Let $L$ be an $n$-dimensional space. For each $p$-vector $\alpha\neq0$ we let $M_\alpha$ be the subspace of $L$ consisting of all vectors $\sigma$ satisfying $\alpha\wedge\sigma=0$. Prove that $\dim(M_\alpha)\leq p$. Prove also that $\dim(M_\alpha)=p$ if and only if $\alpha=\sigma^1\wedge\cdots\wedge\sigma^p$ where $\sigma^1,\ldots,\sigma^p$ are vectors in $L$.
(I wrote $\sigma^1,\ldots$ above, but Flanders wrote $\sigma_1,\ldots$ in this exercise.

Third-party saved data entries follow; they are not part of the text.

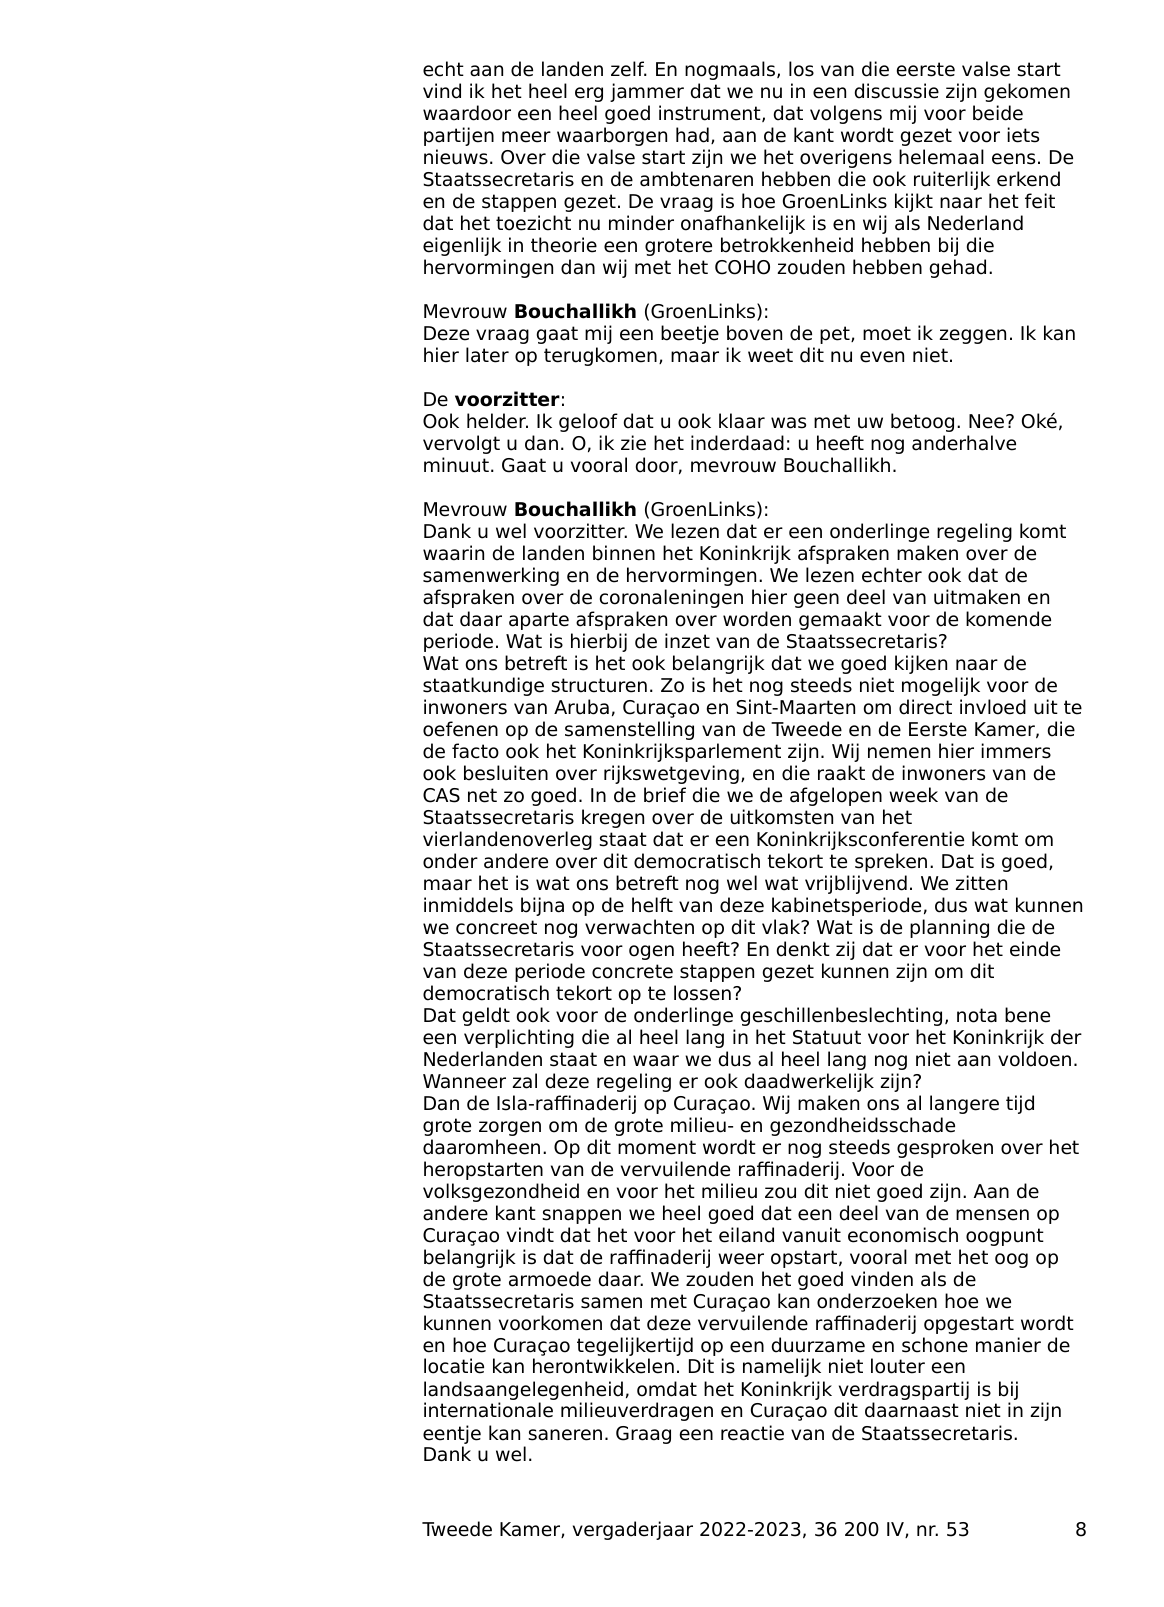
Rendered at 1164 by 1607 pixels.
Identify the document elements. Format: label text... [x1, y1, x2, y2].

text echt aan de landen zelf. En nogmaals, los van die eerste valse start vind ik het heel erg jammer dat we nu in een discussie zijn gekomen waardoor een heel goed instrument, dat volgens mij voor beide partijen meer waarborgen had, aan de kant wordt gezet voor iets nieuws. Over die valse start zijn we het overigens helemaal eens. De Staatssecretaris en de ambtenaren hebben die ook ruiterlijk erkend en de stappen gezet. De vraag is hoe GroenLinks kijkt naar het feit dat het toezicht nu minder onafhankelijk is en wij als Nederland eigenlijk in theorie een grotere betrokkenheid hebben bij die hervormingen dan wij met het COHO zouden hebben gehad. [422, 59, 1087, 279]
text Dank u wel. [422, 1444, 1087, 1466]
text Dan de Isla-raffinaderij op Curaçao. Wij maken ons al langere tijd grote zorgen om de grote milieu- en gezondheidsschade daaromheen. Op dit moment wordt er nog steeds gesproken over het heropstarten van de vervuilende raffinaderij. Voor de volksgezondheid en voor het milieu zou dit niet goed zijn. Aan de andere kant snappen we heel goed dat een deel van de mensen op Curaçao vindt dat het voor het eiland vanuit economisch oogpunt belangrijk is dat de raffinaderij weer opstart, vooral met het oog op de grote armoede daar. We zouden het goed vinden als de Staatssecretaris samen met Curaçao kan onderzoeken hoe we kunnen voorkomen dat deze vervuilende raffinaderij opgestart wordt en hoe Curaçao tegelijkertijd op een duurzame en schone manier de locatie kan herontwikkelen. Dit is namelijk niet louter een landsaangelegenheid, omdat het Koninkrijk verdragspartij is bij internationale milieuverdragen en Curaçao dit daarnaast niet in zijn eentje kan saneren. Graag een reactie van de Staatssecretaris. [422, 1093, 1087, 1444]
text De voorzitter: [422, 389, 1087, 411]
text Deze vraag gaat mij een beetje boven de pet, moet ik zeggen. Ik kan hier later op terugkomen, maar ik weet dit nu even niet. [422, 323, 1087, 367]
text Ook helder. Ik geloof dat u ook klaar was met uw betoog. Nee? Oké, vervolgt u dan. O, ik zie het inderdaad: u heeft nog anderhalve minuut. Gaat u vooral door, mevrouw Bouchallikh. [422, 411, 1087, 477]
text Dank u wel voorzitter. We lezen dat er een onderlinge regeling komt waarin de landen binnen het Koninkrijk afspraken maken over de samenwerking en de hervormingen. We lezen echter ook dat de afspraken over de coronaleningen hier geen deel van uitmaken en dat daar aparte afspraken over worden gemaakt voor de komende periode. Wat is hierbij de inzet van de Staatssecretaris? [422, 521, 1087, 653]
text Mevrouw Bouchallikh (GroenLinks): [422, 301, 1087, 323]
text Dat geldt ook voor de onderlinge geschillenbeslechting, nota bene een verplichting die al heel lang in het Statuut voor het Koninkrijk der Nederlanden staat en waar we dus al heel lang nog niet aan voldoen. Wanneer zal deze regeling er ook daadwerkelijk zijn? [422, 1005, 1087, 1093]
text Wat ons betreft is het ook belangrijk dat we goed kijken naar de staatkundige structuren. Zo is het nog steeds niet mogelijk voor de inwoners van Aruba, Curaçao en Sint-Maarten om direct invloed uit te oefenen op de samenstelling van de Tweede en de Eerste Kamer, die de facto ook het Koninkrijksparlement zijn. Wij nemen hier immers ook besluiten over rijkswetgeving, en die raakt de inwoners van de CAS net zo goed. In de brief die we de afgelopen week van de Staatssecretaris kregen over de uitkomsten van het vierlandenoverleg staat dat er een Koninkrijksconferentie komt om onder andere over dit democratisch tekort te spreken. Dat is goed, maar het is wat ons betreft nog wel wat vrijblijvend. We zitten inmiddels bijna op de helft van deze kabinetsperiode, dus wat kunnen we concreet nog verwachten op dit vlak? Wat is de planning die de Staatssecretaris voor ogen heeft? En denkt zij dat er voor het einde van deze periode concrete stappen gezet kunnen zijn om dit democratisch tekort op te lossen? [422, 653, 1087, 1005]
text Mevrouw Bouchallikh (GroenLinks): [422, 499, 1087, 521]

Weird: he uses upper indices in the theory sections.)

My question is this: Isn't it false that if $\alpha=\sigma^1\wedge\cdots\wedge\sigma^p$ where $\sigma^1,\ldots,\sigma^p$ are vectors in $L$, then $\dim(M_\alpha)=p$?

 

[wrobel]

if α=σ1∧⋯∧σp\alpha=\sigma^1\wedge\cdots\wedge\sigma^p where σ1,…,σp\sigma^1,\ldots,\sigma^p are vectors in LL, then dim(Mα)=p\dim(M_\alpha)=p?

equality $\alpha\wedge \sigma=0$implies that $\sigma$ belongs to the subspace spanned on $\{\sigma^1,\ldots,\sigma^p\}$

 

[kiuhnm]

equality $\alpha\wedge \sigma=0$implies that $\sigma$ belongs to the subspace spanned on $\{\sigma^1,\ldots,\sigma^p\}$

Let $\{u^1,u^2,u^3,u^4\}$ be a base of $L$. If we take $\sigma^1=u^1+u^2$ and $\sigma^2=u^3+u^4$ then $\sigma^1$ and $\sigma^2$ are clearly vectors in $L$, but if $\alpha=\sigma^1\wedge\sigma^2$ then $\dim(M_\alpha)=1$ and not $2(=p)$ as claimed by the text.
The $\sigma$s also need to be linearly independent!

 

[Infrared]

The $\sigma^i$ are necessarily independent since $\alpha\neq 0$.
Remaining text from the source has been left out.